#### Data supplied ####
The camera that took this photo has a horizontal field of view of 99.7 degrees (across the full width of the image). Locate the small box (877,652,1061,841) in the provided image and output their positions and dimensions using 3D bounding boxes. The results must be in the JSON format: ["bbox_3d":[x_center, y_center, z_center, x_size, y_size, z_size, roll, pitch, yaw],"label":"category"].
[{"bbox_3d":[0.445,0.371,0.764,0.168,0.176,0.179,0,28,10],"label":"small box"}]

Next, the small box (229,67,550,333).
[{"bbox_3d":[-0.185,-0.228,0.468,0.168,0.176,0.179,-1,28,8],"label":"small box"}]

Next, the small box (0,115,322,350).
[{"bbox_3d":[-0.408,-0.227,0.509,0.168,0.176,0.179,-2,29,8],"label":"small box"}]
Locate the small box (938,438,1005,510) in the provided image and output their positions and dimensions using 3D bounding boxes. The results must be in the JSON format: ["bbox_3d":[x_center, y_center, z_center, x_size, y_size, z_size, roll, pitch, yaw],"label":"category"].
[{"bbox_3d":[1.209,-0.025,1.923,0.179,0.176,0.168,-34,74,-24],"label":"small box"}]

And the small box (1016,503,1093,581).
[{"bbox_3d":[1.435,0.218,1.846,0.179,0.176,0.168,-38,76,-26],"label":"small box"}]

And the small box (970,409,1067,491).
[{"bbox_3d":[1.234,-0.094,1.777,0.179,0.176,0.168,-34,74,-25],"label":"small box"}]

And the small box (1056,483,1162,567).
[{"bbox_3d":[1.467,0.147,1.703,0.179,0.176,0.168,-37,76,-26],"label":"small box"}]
####
#### Data supplied ####
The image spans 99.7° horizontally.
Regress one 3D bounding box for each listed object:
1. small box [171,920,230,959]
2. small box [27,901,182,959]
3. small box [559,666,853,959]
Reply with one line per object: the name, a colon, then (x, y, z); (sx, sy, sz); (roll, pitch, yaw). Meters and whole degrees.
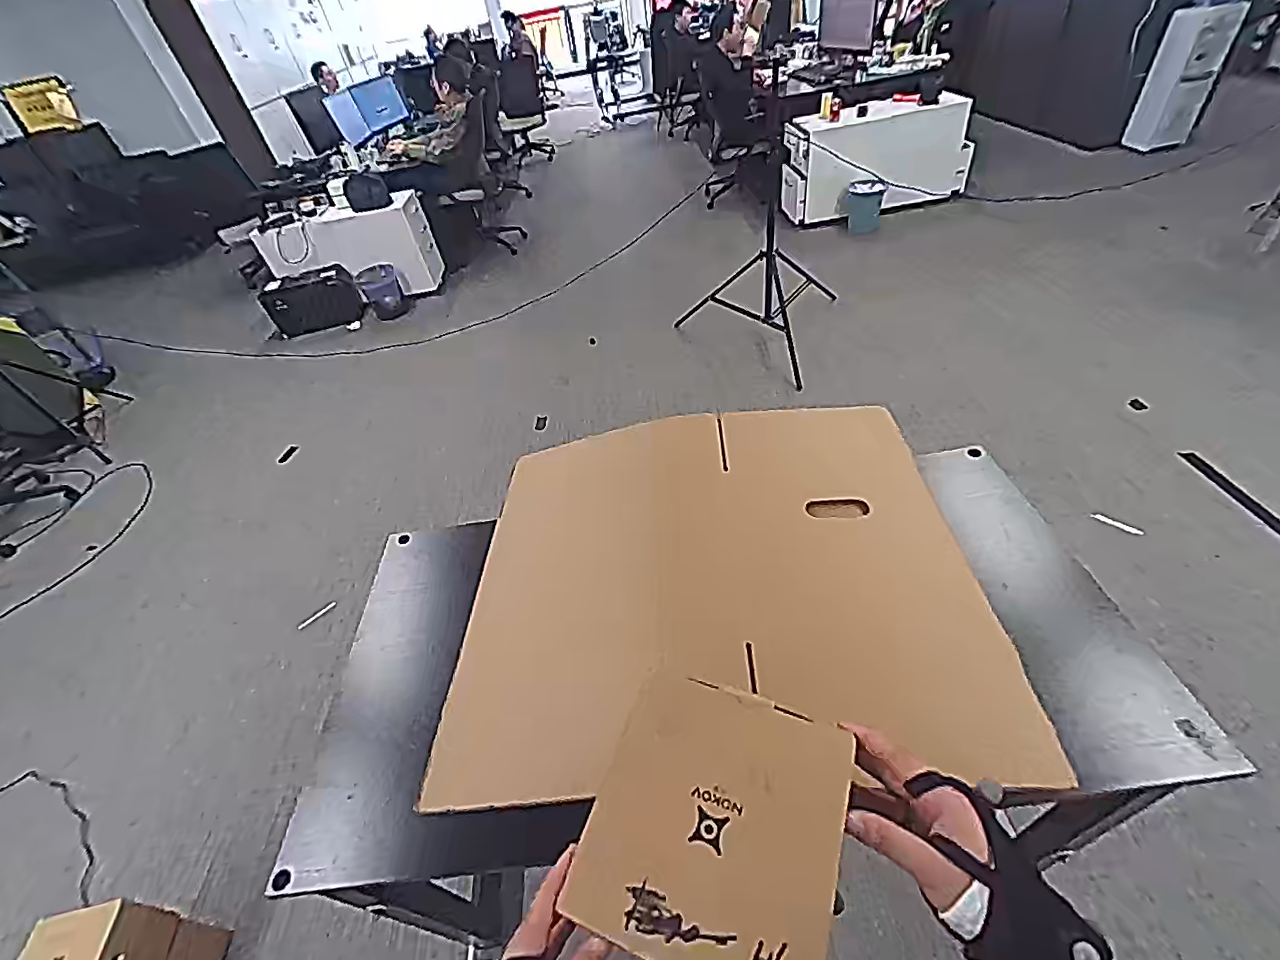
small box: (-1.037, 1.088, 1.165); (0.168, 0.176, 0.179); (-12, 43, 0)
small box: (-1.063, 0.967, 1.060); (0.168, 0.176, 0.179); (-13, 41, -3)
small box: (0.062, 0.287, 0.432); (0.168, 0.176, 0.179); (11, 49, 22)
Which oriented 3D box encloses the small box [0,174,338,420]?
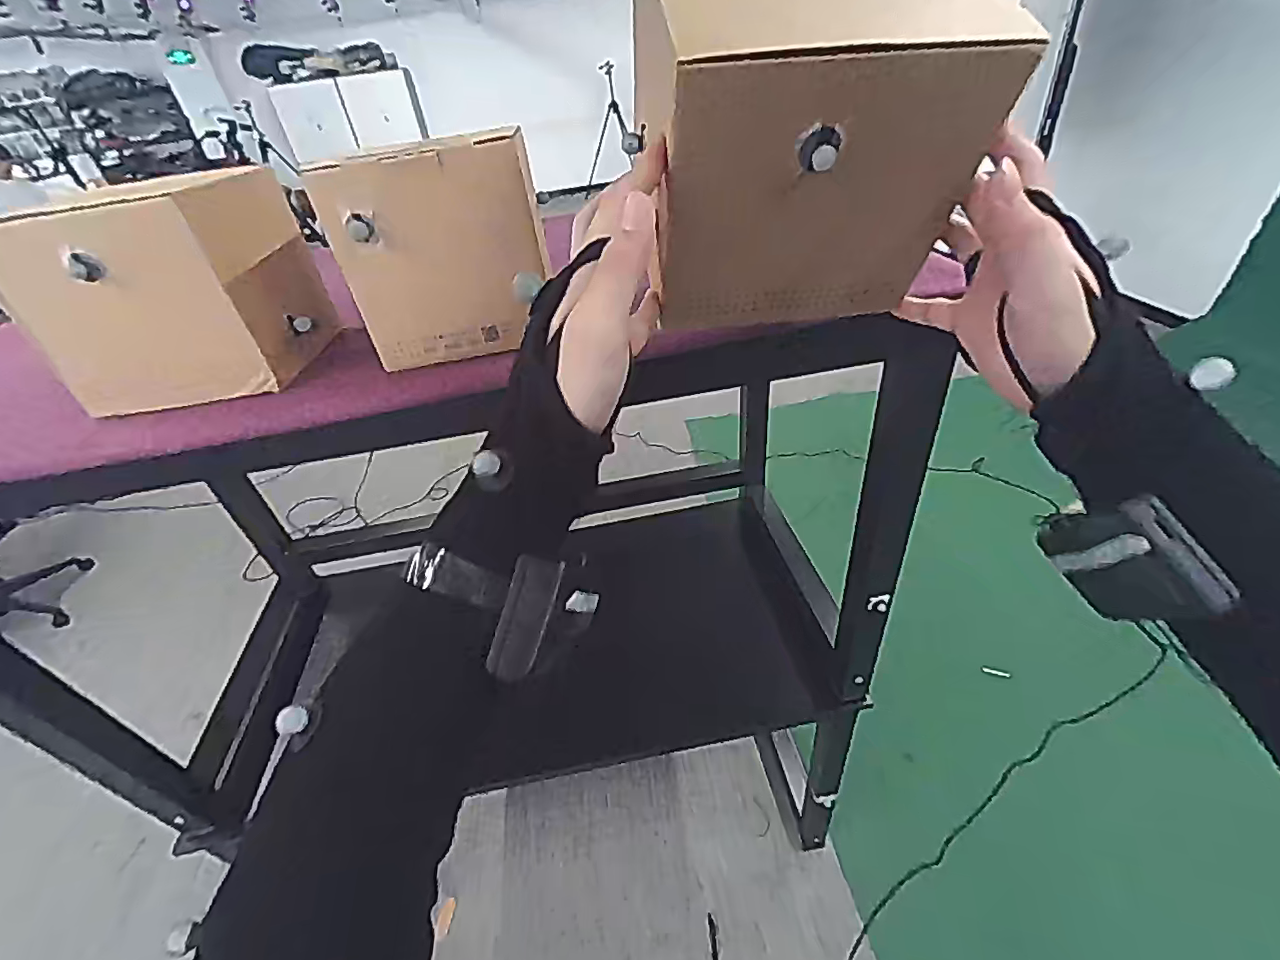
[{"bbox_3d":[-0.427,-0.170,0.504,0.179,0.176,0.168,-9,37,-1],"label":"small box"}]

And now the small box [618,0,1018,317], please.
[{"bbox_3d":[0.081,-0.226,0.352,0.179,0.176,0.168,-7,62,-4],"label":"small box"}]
####
#### Data supplied ####
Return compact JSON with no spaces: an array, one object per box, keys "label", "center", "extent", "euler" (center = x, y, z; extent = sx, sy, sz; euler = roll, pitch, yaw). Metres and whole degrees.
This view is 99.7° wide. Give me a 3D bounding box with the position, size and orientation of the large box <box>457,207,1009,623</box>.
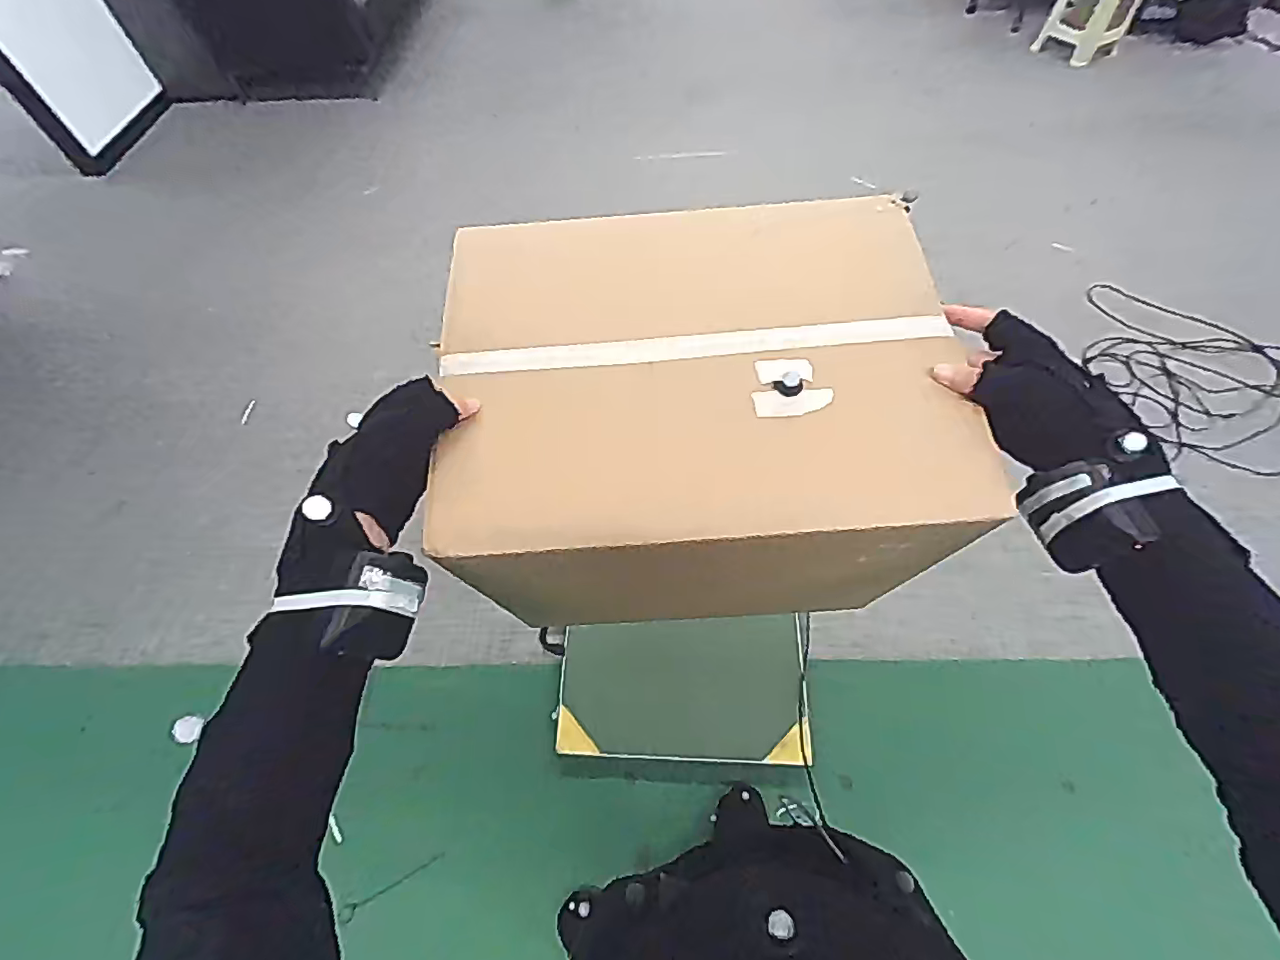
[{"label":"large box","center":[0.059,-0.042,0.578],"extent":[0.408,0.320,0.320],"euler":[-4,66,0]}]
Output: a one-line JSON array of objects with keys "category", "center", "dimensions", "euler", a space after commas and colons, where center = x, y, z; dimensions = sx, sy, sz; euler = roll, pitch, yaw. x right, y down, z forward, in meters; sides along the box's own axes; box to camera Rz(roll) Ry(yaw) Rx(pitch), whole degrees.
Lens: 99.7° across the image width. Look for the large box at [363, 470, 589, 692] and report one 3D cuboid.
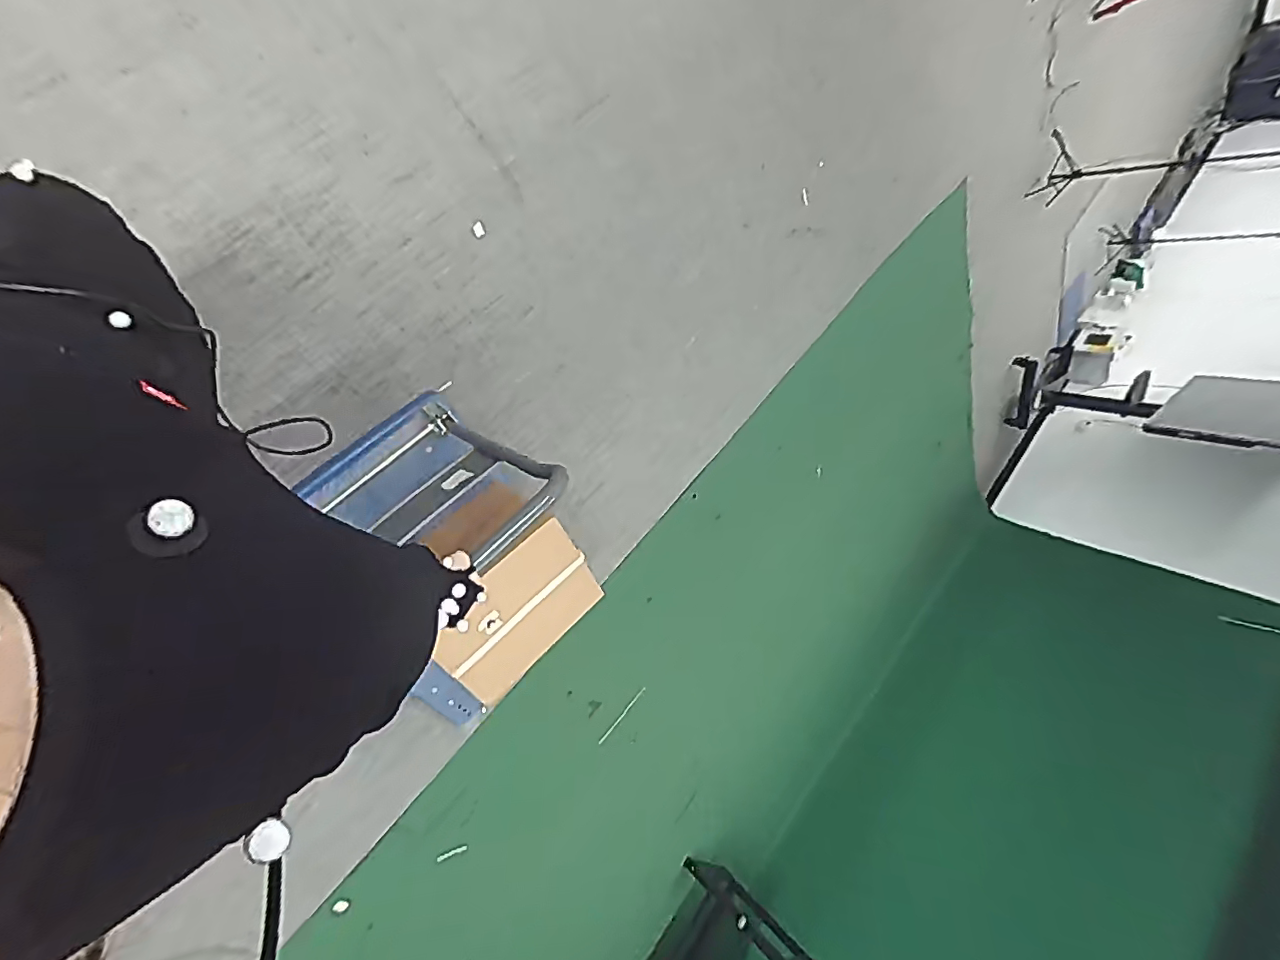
####
▶ **Task to carry out**:
Across the material above, how many lines include the word "array"? Respond with nothing but the number.

▶ **Answer**:
2